期刊介绍： The Journal of Natural Products invites and publishes papers that make substantial and scholarly contributions to the area of natural products research. Contributions may relate to the chemistry and/or biochemistry of naturally occurring compounds or the biology of living systems from which they are obtained. Specifically, there may be articles that describe secondary metabolites of microorganisms, including antibiotics and mycotoxins; physiologically active compounds from terrestrial and marine plants and animals; biochemical studies, including biosynthesis and microbiological transformations; fermentation and plant tissue culture; the isolation, structure elucidation, and chemical synthesis of novel compounds from nature; and the pharmacology of compounds of natural origin.
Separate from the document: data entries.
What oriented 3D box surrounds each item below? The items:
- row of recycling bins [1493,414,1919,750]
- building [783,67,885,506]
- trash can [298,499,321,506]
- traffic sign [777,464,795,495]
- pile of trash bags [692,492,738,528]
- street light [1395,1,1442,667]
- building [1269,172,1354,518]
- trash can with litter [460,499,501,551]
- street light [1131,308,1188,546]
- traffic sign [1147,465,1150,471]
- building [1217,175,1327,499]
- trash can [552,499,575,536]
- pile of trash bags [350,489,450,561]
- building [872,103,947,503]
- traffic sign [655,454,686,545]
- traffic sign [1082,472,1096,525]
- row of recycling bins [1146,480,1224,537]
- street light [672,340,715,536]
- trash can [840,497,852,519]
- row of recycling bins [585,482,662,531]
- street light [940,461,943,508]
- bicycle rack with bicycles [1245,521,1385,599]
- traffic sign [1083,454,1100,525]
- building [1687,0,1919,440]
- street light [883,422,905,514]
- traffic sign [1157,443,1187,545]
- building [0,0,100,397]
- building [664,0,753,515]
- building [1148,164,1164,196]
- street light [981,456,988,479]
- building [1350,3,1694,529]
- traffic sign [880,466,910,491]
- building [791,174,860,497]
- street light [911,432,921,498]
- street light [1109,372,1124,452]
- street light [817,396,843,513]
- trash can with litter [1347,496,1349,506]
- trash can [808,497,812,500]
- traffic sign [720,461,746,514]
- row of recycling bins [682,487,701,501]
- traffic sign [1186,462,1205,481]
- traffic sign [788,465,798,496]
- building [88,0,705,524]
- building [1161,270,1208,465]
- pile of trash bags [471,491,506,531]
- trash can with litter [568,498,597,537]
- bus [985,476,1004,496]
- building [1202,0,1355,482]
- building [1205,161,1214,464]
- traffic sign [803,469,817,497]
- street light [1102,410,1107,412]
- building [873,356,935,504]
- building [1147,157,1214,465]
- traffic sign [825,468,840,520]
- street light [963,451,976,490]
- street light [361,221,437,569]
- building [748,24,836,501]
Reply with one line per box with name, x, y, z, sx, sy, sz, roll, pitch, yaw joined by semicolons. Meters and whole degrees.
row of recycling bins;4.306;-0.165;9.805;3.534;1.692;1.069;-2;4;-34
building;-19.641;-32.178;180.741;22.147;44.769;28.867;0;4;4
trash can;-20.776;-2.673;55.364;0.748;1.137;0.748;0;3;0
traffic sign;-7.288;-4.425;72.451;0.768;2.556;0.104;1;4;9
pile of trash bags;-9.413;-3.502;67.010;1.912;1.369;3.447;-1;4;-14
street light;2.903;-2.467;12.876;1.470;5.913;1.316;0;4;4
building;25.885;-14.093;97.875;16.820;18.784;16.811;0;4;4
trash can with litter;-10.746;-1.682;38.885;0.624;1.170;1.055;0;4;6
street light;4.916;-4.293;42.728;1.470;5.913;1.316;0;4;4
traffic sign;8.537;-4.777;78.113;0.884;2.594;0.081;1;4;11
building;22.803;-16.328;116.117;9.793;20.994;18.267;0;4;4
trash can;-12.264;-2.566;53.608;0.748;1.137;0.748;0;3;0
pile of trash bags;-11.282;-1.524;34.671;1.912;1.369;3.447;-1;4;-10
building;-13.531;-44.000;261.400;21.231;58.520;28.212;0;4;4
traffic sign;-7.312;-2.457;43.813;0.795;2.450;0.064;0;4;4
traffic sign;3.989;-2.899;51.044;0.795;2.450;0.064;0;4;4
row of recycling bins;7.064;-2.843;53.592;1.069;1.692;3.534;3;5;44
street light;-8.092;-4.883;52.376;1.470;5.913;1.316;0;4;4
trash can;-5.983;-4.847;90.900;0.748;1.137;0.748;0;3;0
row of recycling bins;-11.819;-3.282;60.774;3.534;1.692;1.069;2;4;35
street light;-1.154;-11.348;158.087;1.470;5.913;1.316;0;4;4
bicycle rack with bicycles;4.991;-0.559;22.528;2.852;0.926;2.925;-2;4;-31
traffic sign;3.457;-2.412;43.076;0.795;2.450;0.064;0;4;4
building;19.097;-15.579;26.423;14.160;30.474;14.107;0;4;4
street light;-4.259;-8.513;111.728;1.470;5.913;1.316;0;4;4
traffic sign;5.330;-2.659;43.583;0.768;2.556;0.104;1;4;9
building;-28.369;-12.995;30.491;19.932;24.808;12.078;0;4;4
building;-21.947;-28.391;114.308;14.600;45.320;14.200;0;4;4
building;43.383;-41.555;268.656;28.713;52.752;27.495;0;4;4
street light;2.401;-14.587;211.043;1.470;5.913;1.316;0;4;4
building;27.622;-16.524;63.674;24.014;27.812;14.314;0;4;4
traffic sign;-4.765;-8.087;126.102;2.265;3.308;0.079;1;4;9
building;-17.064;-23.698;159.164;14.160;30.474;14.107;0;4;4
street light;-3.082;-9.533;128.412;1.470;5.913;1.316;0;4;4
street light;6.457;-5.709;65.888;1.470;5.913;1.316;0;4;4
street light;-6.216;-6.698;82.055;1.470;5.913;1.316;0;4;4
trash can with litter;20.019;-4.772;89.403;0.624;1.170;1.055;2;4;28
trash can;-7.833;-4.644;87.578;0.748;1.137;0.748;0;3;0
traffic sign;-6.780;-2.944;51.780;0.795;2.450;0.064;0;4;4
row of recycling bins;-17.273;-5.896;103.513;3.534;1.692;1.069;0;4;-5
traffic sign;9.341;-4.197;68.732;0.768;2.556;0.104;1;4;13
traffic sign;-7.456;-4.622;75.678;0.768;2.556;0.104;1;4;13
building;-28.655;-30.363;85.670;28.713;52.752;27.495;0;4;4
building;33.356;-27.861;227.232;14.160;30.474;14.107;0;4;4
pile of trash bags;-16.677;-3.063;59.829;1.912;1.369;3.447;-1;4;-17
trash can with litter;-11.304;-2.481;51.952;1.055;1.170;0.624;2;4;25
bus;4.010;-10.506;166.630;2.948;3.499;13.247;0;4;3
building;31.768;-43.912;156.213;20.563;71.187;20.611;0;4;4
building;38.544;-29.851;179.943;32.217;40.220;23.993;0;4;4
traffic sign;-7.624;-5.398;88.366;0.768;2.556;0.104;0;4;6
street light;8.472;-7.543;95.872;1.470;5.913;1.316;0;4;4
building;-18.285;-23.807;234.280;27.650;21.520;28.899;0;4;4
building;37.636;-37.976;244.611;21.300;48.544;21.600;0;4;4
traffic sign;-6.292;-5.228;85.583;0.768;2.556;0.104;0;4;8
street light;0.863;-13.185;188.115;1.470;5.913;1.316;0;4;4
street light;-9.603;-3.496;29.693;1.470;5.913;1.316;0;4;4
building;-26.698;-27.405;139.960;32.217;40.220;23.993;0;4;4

When new compounds are reported, manuscripts describing their biological activity are much preferred. Specifically, there may be articles that describe secondary metabolites of microorganisms, including antibiotics and mycotoxins; physiologically active compounds from terrestrial and marine plants and animals; biochemical studies, including biosynthesis and microbiological transformations; fermentation and plant tissue culture; the isolation, structure elucidation, and chemical synthesis of novel compounds from nature; and the pharmacology of compounds of natural origin.